According to The Times of Northwest Indiana, Brian Hitchcock, the director of Lake County’s emergency services, said he wants the FCC to enforce its rules on cellphone service providers who do not comply with global positioning standards, but the process has been slow.

What’s the holdup?

It is true that, in the present, simple acts such as ordering a pizza or purchasing the next best selling novel are made seamless through location-based software. In this sense, smartphone GPS technology has been suggested as a potential solution for the 911 location problem.

Nonetheless, officials calling for reform, like Roger Hixson, the technical director of the National Emergency Number Association, said 911 has to operate accurately for all its users, not just individuals with smartphones.

Instead, Hixson’s organization called for the FCC to revise federal regulations for the 911 system in 2010, and, after more debates involving lobbyists on both sides, the FCC passed new rules, crafted in part by the cellphone carriers themselves.

The final deal stipulated accurate location data 40 percent of the time by 2017 and an 80 percent accuracy rate by 2021, target goals that have been criticized for their seemingly low expectations. However, the FCC noted the current rate of accuracy in 2016 is below 40 percent nationally, meaning any sign of growth would be a positive trend.

Also, the requirement for finding callers within a multi-story building labeled “vertical location” will reportedly be phased in at a later date.

In the end, while communities wait for federal laws and cellphone services to catch up, emergency dispatch services are left in the dark.

As for Marion County, Katie Carlson, a spokeswoman for the Marion County Sheriff’s Office, said cellular 911 calls received by their dispatchers are geographically located using “Phase 2” programming technology.

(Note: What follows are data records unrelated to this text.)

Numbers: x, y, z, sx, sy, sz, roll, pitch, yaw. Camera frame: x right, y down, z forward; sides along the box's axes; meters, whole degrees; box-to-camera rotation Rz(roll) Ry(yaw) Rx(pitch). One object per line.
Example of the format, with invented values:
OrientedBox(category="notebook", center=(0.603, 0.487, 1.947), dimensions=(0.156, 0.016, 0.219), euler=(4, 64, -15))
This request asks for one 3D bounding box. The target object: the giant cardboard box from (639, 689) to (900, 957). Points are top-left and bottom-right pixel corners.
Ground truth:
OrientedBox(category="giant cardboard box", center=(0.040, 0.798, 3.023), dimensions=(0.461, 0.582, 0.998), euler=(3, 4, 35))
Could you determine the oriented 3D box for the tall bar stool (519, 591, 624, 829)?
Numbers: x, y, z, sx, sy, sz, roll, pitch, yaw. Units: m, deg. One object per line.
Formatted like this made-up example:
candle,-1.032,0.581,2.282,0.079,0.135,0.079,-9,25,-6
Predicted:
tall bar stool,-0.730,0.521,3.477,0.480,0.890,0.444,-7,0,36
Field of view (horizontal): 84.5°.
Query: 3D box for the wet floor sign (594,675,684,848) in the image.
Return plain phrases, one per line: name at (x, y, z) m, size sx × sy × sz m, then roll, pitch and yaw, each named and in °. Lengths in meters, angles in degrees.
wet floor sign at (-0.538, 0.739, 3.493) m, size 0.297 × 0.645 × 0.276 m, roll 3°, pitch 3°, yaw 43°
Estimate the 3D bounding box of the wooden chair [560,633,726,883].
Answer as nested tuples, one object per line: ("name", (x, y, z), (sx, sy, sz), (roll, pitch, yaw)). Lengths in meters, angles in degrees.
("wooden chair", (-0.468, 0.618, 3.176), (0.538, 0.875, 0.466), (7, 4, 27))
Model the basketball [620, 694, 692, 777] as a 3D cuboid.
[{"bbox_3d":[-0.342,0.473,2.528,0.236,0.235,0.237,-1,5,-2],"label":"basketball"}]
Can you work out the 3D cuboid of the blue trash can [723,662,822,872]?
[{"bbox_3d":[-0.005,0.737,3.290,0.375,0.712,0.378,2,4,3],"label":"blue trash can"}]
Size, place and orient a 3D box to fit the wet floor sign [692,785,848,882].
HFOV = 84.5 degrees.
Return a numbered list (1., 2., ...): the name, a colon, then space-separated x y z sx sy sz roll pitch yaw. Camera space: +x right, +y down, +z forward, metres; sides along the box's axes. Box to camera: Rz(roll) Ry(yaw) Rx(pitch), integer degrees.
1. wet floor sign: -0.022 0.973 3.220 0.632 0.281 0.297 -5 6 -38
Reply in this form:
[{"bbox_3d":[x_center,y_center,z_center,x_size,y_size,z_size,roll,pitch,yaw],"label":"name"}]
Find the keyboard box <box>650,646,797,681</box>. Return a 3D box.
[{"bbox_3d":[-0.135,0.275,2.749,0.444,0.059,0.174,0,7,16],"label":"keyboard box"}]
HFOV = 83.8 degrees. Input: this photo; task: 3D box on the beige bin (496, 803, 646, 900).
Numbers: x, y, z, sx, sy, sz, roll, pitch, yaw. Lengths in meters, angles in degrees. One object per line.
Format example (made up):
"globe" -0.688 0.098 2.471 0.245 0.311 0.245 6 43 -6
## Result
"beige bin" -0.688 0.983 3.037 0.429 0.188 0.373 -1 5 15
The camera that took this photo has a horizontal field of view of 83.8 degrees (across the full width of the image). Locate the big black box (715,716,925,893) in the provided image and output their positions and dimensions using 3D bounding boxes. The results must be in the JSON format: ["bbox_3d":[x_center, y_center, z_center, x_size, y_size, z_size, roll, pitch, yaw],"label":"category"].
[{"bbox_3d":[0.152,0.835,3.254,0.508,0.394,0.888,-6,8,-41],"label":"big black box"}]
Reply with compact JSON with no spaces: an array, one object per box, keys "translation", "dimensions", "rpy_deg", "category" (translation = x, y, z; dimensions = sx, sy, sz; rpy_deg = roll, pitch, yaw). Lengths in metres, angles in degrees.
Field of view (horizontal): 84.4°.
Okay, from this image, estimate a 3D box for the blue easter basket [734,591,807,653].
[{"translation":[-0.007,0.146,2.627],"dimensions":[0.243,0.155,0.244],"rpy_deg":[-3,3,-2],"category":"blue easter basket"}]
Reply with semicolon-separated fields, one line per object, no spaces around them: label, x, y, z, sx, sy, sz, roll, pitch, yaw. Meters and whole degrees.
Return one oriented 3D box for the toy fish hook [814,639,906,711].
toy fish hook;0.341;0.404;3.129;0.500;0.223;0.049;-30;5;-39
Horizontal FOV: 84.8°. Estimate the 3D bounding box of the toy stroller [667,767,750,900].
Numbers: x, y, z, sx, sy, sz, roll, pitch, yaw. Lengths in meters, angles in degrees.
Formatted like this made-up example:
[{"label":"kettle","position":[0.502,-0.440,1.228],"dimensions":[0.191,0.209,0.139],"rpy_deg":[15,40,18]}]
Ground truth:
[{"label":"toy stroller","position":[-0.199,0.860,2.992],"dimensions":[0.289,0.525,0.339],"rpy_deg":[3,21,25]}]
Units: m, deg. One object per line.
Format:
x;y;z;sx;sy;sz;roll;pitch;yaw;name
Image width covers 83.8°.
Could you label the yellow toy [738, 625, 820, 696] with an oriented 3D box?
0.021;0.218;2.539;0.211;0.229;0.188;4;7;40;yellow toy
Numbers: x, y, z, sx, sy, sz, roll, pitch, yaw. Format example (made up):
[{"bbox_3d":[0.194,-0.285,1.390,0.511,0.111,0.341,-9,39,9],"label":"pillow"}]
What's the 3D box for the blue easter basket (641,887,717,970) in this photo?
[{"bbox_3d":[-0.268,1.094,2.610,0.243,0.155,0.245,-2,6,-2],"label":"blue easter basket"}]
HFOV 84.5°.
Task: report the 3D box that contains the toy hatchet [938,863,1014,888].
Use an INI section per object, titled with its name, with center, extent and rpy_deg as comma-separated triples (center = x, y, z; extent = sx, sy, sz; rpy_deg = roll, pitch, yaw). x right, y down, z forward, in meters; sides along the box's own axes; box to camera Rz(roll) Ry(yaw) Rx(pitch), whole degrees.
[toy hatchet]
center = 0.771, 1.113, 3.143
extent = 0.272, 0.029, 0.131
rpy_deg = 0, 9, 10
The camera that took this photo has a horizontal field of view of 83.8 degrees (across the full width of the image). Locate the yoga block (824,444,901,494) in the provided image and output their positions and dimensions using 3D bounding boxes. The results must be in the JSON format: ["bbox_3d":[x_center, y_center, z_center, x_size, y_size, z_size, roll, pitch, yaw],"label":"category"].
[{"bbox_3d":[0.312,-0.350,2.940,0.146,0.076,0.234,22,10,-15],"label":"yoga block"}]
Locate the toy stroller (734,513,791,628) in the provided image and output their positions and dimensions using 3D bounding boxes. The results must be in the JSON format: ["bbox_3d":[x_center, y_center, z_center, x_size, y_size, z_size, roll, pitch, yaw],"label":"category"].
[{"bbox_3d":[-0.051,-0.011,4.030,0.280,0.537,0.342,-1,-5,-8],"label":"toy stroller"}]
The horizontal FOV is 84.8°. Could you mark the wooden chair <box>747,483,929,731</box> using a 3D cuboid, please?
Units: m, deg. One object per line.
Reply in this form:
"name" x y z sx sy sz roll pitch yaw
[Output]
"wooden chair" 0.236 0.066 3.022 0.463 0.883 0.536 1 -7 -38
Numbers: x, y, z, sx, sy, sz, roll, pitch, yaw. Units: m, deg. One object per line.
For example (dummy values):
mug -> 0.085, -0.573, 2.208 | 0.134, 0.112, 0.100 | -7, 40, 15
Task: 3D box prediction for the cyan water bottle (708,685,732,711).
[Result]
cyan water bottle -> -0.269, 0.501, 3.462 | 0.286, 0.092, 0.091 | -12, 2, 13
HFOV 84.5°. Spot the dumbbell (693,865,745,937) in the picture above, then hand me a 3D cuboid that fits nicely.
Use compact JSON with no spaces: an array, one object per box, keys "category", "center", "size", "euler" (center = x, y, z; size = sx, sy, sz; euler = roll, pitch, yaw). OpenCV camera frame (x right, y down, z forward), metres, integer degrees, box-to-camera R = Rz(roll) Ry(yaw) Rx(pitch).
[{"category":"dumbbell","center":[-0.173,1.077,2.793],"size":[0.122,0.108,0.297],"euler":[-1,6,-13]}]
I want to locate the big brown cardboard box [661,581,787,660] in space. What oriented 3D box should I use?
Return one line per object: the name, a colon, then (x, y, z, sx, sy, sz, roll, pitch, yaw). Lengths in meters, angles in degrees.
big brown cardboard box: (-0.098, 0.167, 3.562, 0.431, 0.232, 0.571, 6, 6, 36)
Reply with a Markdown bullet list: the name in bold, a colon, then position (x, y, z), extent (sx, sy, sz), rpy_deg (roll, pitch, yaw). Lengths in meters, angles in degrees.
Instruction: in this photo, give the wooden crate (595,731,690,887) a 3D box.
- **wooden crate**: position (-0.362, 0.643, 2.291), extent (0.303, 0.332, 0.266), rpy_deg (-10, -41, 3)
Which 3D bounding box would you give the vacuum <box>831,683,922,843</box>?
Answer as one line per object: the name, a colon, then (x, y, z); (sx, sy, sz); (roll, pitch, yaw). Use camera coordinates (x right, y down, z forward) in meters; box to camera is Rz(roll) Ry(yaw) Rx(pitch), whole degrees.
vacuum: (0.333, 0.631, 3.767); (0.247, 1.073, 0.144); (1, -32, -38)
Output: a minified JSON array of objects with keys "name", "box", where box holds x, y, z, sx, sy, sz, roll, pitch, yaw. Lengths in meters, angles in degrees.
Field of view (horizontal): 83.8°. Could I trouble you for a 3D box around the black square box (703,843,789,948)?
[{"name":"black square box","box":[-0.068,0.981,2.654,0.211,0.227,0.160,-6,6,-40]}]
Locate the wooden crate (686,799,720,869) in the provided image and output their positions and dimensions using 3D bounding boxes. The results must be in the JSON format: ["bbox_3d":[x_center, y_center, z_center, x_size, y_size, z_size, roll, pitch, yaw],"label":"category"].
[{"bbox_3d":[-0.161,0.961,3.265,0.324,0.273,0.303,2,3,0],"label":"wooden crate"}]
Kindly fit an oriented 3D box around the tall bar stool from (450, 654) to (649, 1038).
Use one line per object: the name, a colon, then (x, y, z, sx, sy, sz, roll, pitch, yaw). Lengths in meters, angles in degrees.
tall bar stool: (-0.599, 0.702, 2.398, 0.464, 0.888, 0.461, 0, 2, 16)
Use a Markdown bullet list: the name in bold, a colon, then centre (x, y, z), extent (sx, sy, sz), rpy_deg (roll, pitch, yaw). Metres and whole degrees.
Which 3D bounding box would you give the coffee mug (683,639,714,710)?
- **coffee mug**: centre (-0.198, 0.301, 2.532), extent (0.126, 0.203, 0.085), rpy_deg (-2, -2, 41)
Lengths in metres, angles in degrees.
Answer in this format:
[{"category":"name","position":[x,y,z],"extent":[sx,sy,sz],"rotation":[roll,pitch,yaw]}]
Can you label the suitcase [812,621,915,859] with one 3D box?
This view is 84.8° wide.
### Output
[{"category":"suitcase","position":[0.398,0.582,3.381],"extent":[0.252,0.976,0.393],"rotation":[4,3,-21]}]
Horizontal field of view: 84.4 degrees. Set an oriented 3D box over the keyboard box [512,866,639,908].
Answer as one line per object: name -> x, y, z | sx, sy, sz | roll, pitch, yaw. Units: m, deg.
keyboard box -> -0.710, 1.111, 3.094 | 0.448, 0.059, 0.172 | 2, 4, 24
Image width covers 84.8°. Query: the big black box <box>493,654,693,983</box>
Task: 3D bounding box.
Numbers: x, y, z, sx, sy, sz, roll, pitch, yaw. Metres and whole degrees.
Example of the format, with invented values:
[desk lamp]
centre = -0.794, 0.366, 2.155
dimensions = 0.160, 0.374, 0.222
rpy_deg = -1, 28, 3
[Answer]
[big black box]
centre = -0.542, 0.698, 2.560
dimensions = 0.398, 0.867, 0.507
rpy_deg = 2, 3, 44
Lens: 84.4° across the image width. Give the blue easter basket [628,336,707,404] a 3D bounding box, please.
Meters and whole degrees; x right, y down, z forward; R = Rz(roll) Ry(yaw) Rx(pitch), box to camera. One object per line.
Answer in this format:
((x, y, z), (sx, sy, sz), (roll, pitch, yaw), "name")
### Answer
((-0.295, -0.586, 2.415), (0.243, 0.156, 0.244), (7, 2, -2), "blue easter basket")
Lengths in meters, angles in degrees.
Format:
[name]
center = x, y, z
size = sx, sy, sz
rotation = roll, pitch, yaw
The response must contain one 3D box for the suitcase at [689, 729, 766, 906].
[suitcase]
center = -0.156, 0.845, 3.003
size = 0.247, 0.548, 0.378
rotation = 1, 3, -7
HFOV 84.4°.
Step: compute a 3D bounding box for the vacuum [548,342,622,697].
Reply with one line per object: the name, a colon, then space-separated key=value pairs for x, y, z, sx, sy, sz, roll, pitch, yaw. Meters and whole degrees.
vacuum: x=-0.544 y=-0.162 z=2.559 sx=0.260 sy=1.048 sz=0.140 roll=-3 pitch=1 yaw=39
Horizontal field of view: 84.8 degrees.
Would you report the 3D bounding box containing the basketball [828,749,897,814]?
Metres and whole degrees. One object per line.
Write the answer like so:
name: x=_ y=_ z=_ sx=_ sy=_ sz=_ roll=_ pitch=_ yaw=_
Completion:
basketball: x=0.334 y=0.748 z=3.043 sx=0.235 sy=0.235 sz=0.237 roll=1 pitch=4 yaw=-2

AT&T, the vendor for the Marion County Sheriff’s Office dispatch unit, uses “Phase 2” to identify cellphone calls within hundreds of feet, which coincides triangulation methods locating individuals within 300 square meters, or nearly 1,000 feet.

In most cases, such as a caller stating their exact address, this may not be an issue, but in moments when a caller cannot, having access to better location technology or text messages and photos, for instance, can save some of the 10,000 lives lost, officials from the FCC say.